Let’s demonstrate how to use JAX to compute and visualize derivatives.

!pip install jax
Requirement already satisfied: jax in /Users/ckc/.venv/teach/lib/python3.13/site-packages (0.4.38)
Requirement already satisfied: jaxlib<=0.4.38,>=0.4.38 in /Users/ckc/.venv/teach/lib/python3.13/site-packages (from jax) (0.4.38)
Requirement already satisfied: ml_dtypes>=0.4.0 in /Users/ckc/.venv/teach/lib/python3.13/site-packages (from jax) (0.5.3)
Requirement already satisfied: numpy>=1.24 in /Users/ckc/.venv/teach/lib/python3.13/site-packages (from jax) (2.3.3)
Requirement already satisfied: opt_einsum in /Users/ckc/.venv/teach/lib/python3.13/site-packages (from jax) (3.4.0)
Requirement already satisfied: scipy>=1.10 in /Users/ckc/.venv/teach/lib/python3.13/site-packages (from jax) (1.16.2)
from jax import numpy as jnp, grad, vmap

# Define the function
def f(x):
    return jnp.sin(x + x*x)

# Grid of input points
X = jnp.linspace(-1, 1, num=1001)

# Evaluate function and derivative
F  = f(X)
Fp = vmap(grad(f))(X)

# Plot function and tangent lines
plt.plot(X, F, lw=5, alpha=0.25)
for (x, f, fp) in list(zip(X, F, Fp))[::100]:
    plt.plot(
        [x-0.05,    x+0.05],
        [f-0.05*fp, f+0.05*fp],
    )

plt.xlabel('x')
plt.ylabel('f(x)')
<Figure size 640x480 with 1 Axes>

This example shows how seamlessly JAX can compute derivatives and apply them across entire arrays. The combination of autodiff, vectorization (vmap), and JIT compilation (jit) makes JAX an exceptionally powerful tool for large-scale scientific computing.

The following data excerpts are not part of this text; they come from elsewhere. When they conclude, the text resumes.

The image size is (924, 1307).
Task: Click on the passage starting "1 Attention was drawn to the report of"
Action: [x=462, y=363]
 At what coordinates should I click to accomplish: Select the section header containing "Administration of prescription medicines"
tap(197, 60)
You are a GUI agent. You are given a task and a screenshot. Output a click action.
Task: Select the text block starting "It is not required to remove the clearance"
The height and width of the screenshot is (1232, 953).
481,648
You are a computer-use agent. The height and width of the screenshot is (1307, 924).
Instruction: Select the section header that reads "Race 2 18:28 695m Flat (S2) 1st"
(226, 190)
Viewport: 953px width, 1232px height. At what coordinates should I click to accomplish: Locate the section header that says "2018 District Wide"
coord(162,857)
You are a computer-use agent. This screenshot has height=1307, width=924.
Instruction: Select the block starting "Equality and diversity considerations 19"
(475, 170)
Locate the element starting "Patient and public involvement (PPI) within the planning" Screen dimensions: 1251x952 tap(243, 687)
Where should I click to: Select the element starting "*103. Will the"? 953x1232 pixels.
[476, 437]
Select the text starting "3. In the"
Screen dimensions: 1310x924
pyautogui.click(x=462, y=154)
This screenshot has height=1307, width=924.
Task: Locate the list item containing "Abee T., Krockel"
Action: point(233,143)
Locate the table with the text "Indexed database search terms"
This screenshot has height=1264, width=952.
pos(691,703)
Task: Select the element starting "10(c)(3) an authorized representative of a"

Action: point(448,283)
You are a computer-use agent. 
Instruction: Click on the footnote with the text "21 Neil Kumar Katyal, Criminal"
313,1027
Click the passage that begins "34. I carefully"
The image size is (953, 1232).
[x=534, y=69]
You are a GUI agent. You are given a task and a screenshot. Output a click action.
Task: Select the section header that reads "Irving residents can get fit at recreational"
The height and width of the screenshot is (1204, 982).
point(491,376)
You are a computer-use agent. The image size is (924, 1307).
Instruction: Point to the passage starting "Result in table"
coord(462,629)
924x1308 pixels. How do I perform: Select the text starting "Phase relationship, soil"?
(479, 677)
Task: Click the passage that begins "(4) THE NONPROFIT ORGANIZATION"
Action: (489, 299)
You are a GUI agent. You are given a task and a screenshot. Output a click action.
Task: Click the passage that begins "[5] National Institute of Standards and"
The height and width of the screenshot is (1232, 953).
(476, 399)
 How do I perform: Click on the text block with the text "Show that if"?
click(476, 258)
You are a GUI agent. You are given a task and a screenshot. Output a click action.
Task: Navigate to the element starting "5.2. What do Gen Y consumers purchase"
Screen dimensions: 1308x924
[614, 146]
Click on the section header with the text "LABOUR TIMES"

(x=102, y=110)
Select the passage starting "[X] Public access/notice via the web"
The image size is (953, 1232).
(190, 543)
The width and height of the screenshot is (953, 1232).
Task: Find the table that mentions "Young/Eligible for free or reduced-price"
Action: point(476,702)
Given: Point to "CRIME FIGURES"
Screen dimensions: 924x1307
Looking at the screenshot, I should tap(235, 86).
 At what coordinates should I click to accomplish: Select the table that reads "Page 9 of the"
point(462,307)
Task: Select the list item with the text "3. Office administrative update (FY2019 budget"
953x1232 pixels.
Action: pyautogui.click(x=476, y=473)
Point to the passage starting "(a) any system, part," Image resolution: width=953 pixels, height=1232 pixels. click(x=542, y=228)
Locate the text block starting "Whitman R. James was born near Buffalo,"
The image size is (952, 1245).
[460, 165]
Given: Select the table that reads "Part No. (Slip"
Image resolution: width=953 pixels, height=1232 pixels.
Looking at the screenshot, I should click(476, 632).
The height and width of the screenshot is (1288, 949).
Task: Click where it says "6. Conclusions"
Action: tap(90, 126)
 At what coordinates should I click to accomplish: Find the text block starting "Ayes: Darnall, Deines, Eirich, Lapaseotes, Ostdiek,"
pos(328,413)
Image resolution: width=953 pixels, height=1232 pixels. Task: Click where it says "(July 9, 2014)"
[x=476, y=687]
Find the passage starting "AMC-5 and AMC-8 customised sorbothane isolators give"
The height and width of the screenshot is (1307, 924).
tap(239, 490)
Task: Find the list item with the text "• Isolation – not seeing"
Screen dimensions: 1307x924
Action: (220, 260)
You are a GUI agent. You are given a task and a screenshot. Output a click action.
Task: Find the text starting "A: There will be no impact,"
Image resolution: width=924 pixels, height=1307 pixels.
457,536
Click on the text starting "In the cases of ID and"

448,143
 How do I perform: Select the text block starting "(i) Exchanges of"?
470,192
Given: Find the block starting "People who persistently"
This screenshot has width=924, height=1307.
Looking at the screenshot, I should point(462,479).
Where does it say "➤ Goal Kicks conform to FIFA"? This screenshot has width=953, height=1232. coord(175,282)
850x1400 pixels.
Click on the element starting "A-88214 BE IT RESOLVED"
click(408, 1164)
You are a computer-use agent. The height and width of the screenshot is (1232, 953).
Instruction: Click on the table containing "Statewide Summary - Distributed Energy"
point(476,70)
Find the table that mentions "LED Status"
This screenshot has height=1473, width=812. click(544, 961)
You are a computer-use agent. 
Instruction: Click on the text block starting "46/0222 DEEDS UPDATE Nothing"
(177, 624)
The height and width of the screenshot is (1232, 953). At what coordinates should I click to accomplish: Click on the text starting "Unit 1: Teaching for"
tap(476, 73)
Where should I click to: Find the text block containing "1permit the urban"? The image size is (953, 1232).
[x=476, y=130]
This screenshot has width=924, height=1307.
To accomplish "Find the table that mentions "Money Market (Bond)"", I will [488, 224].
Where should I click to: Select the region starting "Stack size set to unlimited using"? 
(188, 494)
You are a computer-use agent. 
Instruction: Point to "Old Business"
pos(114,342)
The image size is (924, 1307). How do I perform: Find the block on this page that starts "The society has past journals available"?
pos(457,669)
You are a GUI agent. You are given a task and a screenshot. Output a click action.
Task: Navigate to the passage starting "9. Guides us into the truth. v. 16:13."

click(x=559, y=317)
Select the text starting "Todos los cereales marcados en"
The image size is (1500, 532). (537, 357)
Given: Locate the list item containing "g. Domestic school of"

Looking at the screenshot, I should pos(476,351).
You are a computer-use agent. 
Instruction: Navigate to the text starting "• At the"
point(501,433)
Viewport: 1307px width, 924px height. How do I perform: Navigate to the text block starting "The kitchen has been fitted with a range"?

# HANDSON: test out different JAX features
# HANDSON: benchmark JAX with NumPy, especially on machines with GPUs.
#          Does `jit` make your code faster?

Summary

Differentiation is one of the most fundamental tools in mathematics, science, and engineering. It enables the analysis of functions, the modeling of physical systems, and the optimization of complex problems. Today, we explored several approaches to computing derivatives, each with its own advantages and limitations.

Symbolic Differentiation produces exact analytical expressions and is ideal for theoretical work. However, it often suffers from expression growth and can become computationally impractical for large or complex problems.

Numerical Differentiation (finite differences and spectral difference) provides a simple and flexible way to approximate derivatives using sampled function values. Its main challenge is balancing truncation error (improved with smaller step sizes) against round-off error (which grows with very small steps). Choosing an optimal step size is essential for stable results.

Complex Step Differentiation avoids the round-off error problem by perturbing the input in the imaginary direction. It achieves machine-precision accuracy for smooth functions and is, in fact, numerically equivalent to the dual number formulation used in forward mode AD when the step size is sufficiently small.

Automatic Differentiation (AD) bridges symbolic and numerical approaches by applying the chain rule systematically through a computational graph. It delivers exact derivatives up to machine precision without symbolic manipulation.

  • Forward mode AD (e.g., via dual numbers) is efficient when there are few inputs.

  • Reverse mode AD (backpropagation) is ideal for problems with many inputs but only a single output, such as neural network training.

Although powerful, AD can be memory-intensive and requires careful handling of non-differentiable functions and dynamic control flow.

Current research continues to push AD toward greater scalability for large models, efficient computation of higher-order derivatives (Jacobians, Hessians), and robust handling of non-differentiable functions and dynamic graphs. Future progress may come from hybrid approaches that combine the strengths of symbolic, numerical, and automatic differentiation.